Live, attenuated spore vaccines are available for preven­tion or control of anthrax. These vaccines are usually derived from the 34F₂ “Sterne” strain. When vaccinating in the face of an outbreak, vaccine should be given to animals not showing any signs. Animals showing signs should be treated with antibiotics. If antibiotics are given, an interim of 7-10 days should be observed before any subsequent vaccination is administered so as not to diminish vaccine efficacy.

For prevention in endemic areas, anthrax vaccines are usually given annually. Goats are prone to adverse reactions (progressive edema) after receiving the Sterne vaccine and it should be used with caution in goats. To minimize the risk, it has been suggested that an initial schedule of two inoculations one month apart be observed, with the first dose being one-quarter of the standard recommended dose and the second dose being the standard recommended dose. A single annual booster may be administered thereafter (WHO 2008). In goats the vaccine should be given SC in the flank or tail fold rather than the neck.

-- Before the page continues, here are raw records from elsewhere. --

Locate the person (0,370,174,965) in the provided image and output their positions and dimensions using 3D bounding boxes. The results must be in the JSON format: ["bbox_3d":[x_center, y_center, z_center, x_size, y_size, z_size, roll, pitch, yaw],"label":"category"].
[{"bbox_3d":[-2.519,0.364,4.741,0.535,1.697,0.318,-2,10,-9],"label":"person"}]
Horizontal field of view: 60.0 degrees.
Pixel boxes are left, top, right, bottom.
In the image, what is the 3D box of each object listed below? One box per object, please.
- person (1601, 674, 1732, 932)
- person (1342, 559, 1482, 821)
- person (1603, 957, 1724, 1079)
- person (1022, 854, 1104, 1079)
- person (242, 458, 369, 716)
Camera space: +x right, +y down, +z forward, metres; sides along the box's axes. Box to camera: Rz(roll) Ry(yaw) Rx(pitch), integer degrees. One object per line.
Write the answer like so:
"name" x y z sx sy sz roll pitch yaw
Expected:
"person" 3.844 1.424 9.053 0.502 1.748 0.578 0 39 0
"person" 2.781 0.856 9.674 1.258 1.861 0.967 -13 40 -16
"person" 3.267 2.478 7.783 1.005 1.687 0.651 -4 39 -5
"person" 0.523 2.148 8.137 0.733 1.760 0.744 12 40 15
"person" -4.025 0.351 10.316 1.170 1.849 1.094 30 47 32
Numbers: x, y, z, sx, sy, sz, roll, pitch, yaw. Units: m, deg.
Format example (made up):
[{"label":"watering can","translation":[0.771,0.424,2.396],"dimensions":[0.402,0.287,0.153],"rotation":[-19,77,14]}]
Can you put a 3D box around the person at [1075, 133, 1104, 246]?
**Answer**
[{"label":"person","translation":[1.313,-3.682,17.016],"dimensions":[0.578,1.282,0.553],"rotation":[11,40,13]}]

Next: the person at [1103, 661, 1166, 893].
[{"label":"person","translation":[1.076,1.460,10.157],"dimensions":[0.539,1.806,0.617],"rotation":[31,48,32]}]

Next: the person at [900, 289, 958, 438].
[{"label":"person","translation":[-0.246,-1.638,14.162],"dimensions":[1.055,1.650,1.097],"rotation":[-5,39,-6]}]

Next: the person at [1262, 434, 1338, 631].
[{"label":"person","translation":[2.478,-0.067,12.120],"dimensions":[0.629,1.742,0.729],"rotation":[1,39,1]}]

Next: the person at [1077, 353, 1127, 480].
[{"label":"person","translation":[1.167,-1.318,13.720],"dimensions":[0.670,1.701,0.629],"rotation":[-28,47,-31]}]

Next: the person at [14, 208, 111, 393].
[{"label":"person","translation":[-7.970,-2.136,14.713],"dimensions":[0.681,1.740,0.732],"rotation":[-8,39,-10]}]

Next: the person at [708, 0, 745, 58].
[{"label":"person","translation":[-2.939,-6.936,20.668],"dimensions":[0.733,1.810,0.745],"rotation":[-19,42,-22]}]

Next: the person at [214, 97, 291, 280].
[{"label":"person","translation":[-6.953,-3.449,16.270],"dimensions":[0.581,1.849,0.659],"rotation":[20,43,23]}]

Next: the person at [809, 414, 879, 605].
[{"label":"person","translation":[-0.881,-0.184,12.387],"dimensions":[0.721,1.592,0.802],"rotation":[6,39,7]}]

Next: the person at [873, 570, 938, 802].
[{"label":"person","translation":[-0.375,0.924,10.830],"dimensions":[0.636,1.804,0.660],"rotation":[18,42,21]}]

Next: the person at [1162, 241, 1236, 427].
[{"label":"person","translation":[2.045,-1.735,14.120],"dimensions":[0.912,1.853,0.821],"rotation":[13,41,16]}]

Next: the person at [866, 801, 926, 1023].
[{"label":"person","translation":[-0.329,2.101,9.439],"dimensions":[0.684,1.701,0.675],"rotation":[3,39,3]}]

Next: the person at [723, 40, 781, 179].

Anthrax is an important zoonotic disease. Transmission is usually by direct handling of hair, wool, skins, or car­casses of infected or contaminated animals. The disease can also be spread by inhalation of spores. A textile mill worker in North Carolina was diagnosed with anthrax that was traced to handling cashmere goat hair imported from endemic regions of western Asia (Briggs et al. 1988). Cases of cutaneous and inhalation anthrax in humans have been reported in the United States in association with the han­dling of goat skins imported from Africa for drum-making (Kaplan 2007). There are numerous reports from develop­ing countries of human cases of anthrax occurring among villagers who eat meat from livestock that have died of anthrax, including goat meat (Boutin et al. 1985; ProMED­mail 2006). Suitable personal protective equipment should be worn when handling carcasses or animal products sus­pected of being contaminated with anthrax. Animals dying of unknown causes or of suspected anthrax should not be eaten. Carcasses should be burned or buried deeply to avoid dissemination and persistence of spores in the environment.